Your task is to transcribe all of the records exactly and leave out the pictures.

-------- MATERIAL FOR THIS TASK --------

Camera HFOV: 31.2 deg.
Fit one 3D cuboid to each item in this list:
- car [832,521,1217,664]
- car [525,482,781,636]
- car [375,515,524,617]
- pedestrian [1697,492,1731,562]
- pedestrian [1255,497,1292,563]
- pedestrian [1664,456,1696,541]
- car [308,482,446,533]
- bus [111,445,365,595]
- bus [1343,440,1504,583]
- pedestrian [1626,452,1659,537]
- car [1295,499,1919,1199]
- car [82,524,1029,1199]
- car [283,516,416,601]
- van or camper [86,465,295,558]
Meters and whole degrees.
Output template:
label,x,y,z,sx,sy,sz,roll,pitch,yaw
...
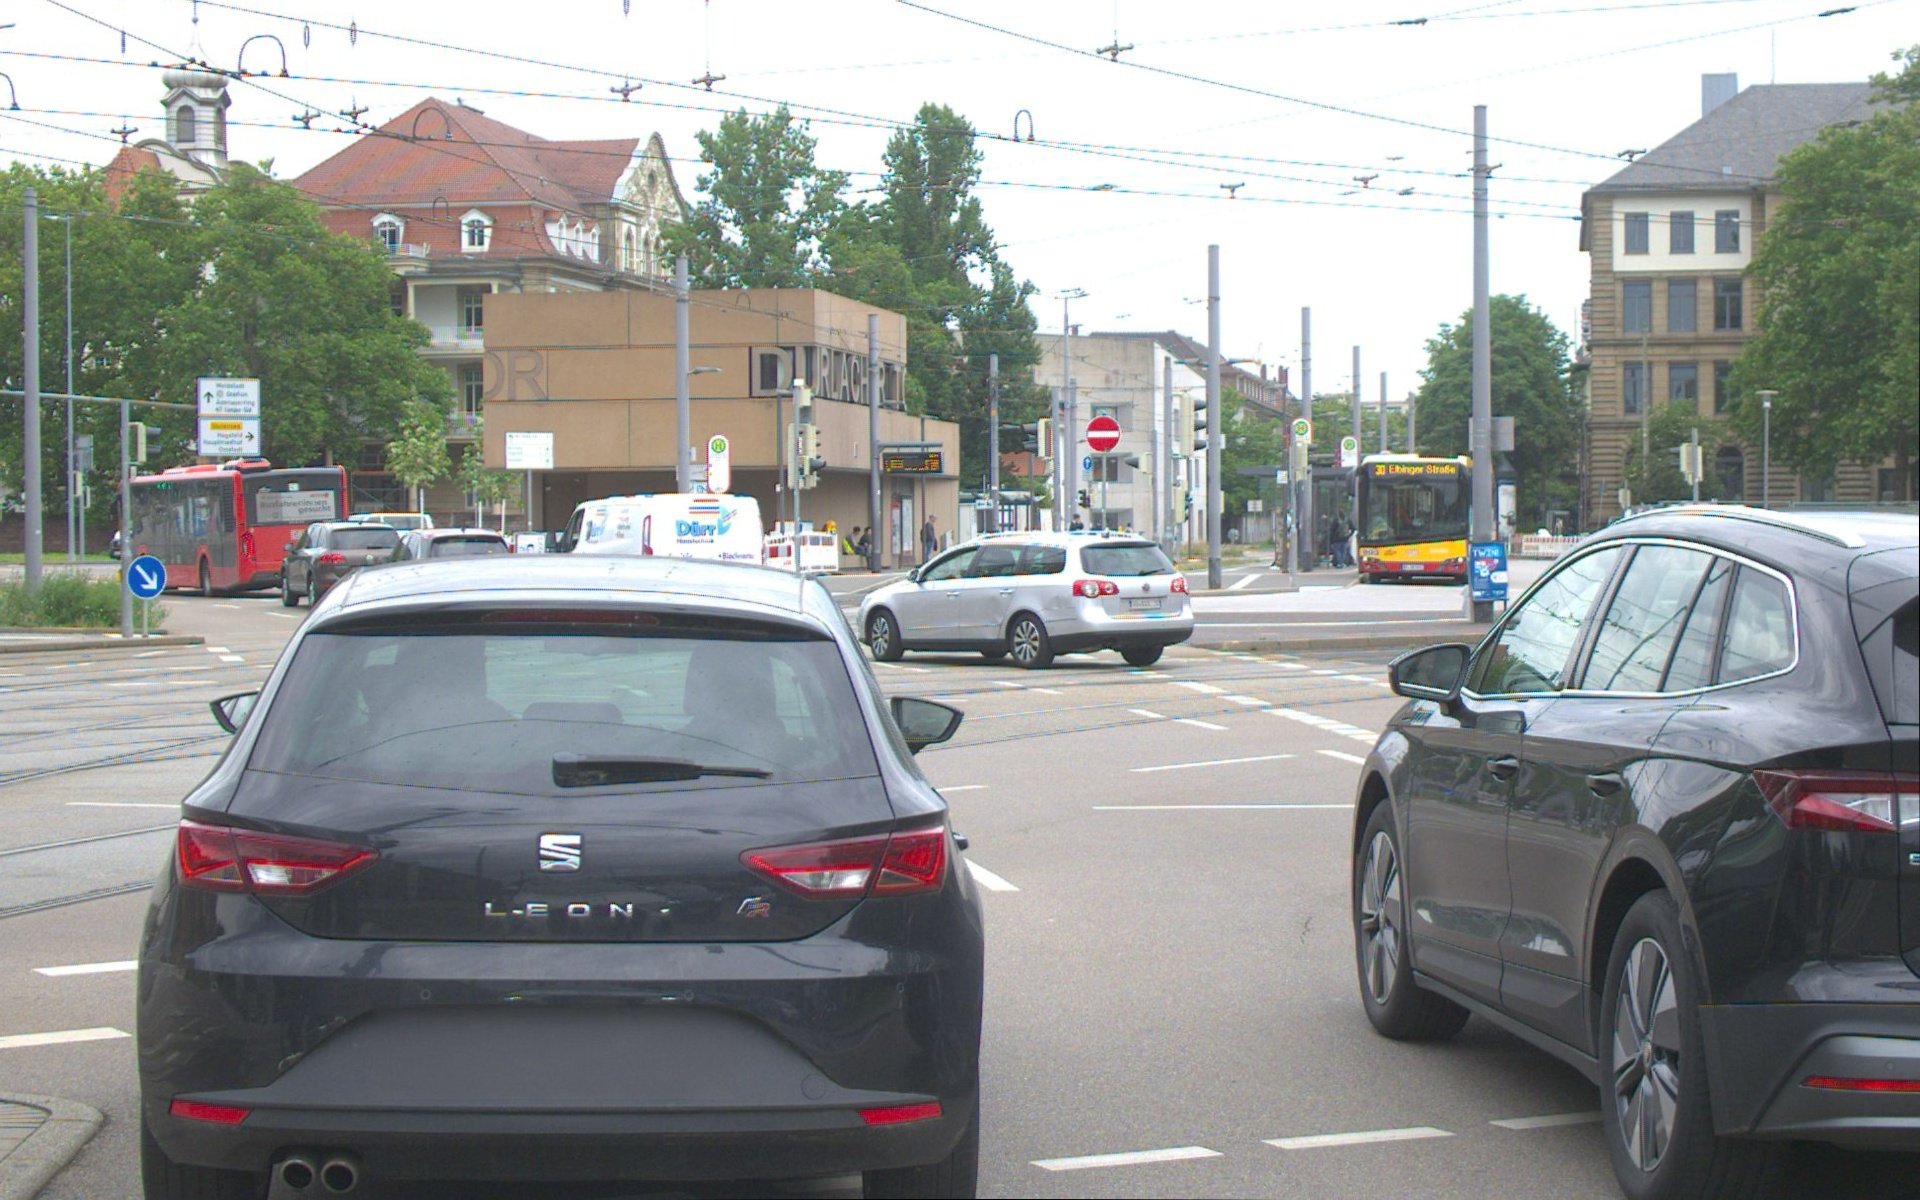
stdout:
label,x,y,z,sx,sy,sz,roll,pitch,yaw
car,0.659,-0.118,38.780,1.721,1.477,4.627,-3,2,-39
car,-4.336,-0.607,47.756,1.993,2.012,5.033,-1,2,-24
car,-8.434,-0.596,56.566,1.857,1.594,4.206,-1,2,-16
pedestrian,20.160,-1.963,91.946,0.824,1.847,1.020,0,1,15
pedestrian,8.587,-1.916,94.196,0.824,1.802,1.020,0,1,15
pedestrian,36.248,-5.122,173.040,1.307,4.239,1.347,0,1,0
car,-22.729,-3.612,134.158,4.992,1.858,1.998,-2,-1,-45
bus,-17.262,-1.872,81.370,3.058,3.286,12.382,-1,1,-25
bus,11.551,-2.165,84.655,3.018,3.256,13.037,0,1,12
pedestrian,34.429,-5.312,173.334,1.387,4.239,1.347,0,1,0
car,2.244,0.569,8.953,1.903,1.652,4.516,-1,1,-5
car,-0.955,0.557,8.402,1.745,1.459,4.001,0,1,-6
car,-11.779,-0.832,66.142,1.993,1.560,4.206,-1,2,-17
van or camper,-28.695,-3.326,128.414,7.134,3.320,2.875,-2,1,-45

--------

__RESULT OF THIS EXERCISE__
Camera HFOV: 31.2 deg.
Fit one 3D cuboid to each item in this list:
- car [832,521,1217,664]
- car [525,482,781,636]
- car [375,515,524,617]
- pedestrian [1697,492,1731,562]
- pedestrian [1255,497,1292,563]
- pedestrian [1664,456,1696,541]
- car [308,482,446,533]
- bus [111,445,365,595]
- bus [1343,440,1504,583]
- pedestrian [1626,452,1659,537]
- car [1295,499,1919,1199]
- car [82,524,1029,1199]
- car [283,516,416,601]
- van or camper [86,465,295,558]
Meters and whole degrees.
Output template:
label,x,y,z,sx,sy,sz,roll,pitch,yaw
...
stdout:
label,x,y,z,sx,sy,sz,roll,pitch,yaw
car,0.659,-0.118,38.780,1.721,1.477,4.627,-3,2,-39
car,-4.336,-0.607,47.756,1.993,2.012,5.033,-1,2,-24
car,-8.434,-0.596,56.566,1.857,1.594,4.206,-1,2,-16
pedestrian,20.160,-1.963,91.946,0.824,1.847,1.020,0,1,15
pedestrian,8.587,-1.916,94.196,0.824,1.802,1.020,0,1,15
pedestrian,36.248,-5.122,173.040,1.307,4.239,1.347,0,1,0
car,-22.729,-3.612,134.158,4.992,1.858,1.998,-2,-1,-45
bus,-17.262,-1.872,81.370,3.058,3.286,12.382,-1,1,-25
bus,11.551,-2.165,84.655,3.018,3.256,13.037,0,1,12
pedestrian,34.429,-5.312,173.334,1.387,4.239,1.347,0,1,0
car,2.244,0.569,8.953,1.903,1.652,4.516,-1,1,-5
car,-0.955,0.557,8.402,1.745,1.459,4.001,0,1,-6
car,-11.779,-0.832,66.142,1.993,1.560,4.206,-1,2,-17
van or camper,-28.695,-3.326,128.414,7.134,3.320,2.875,-2,1,-45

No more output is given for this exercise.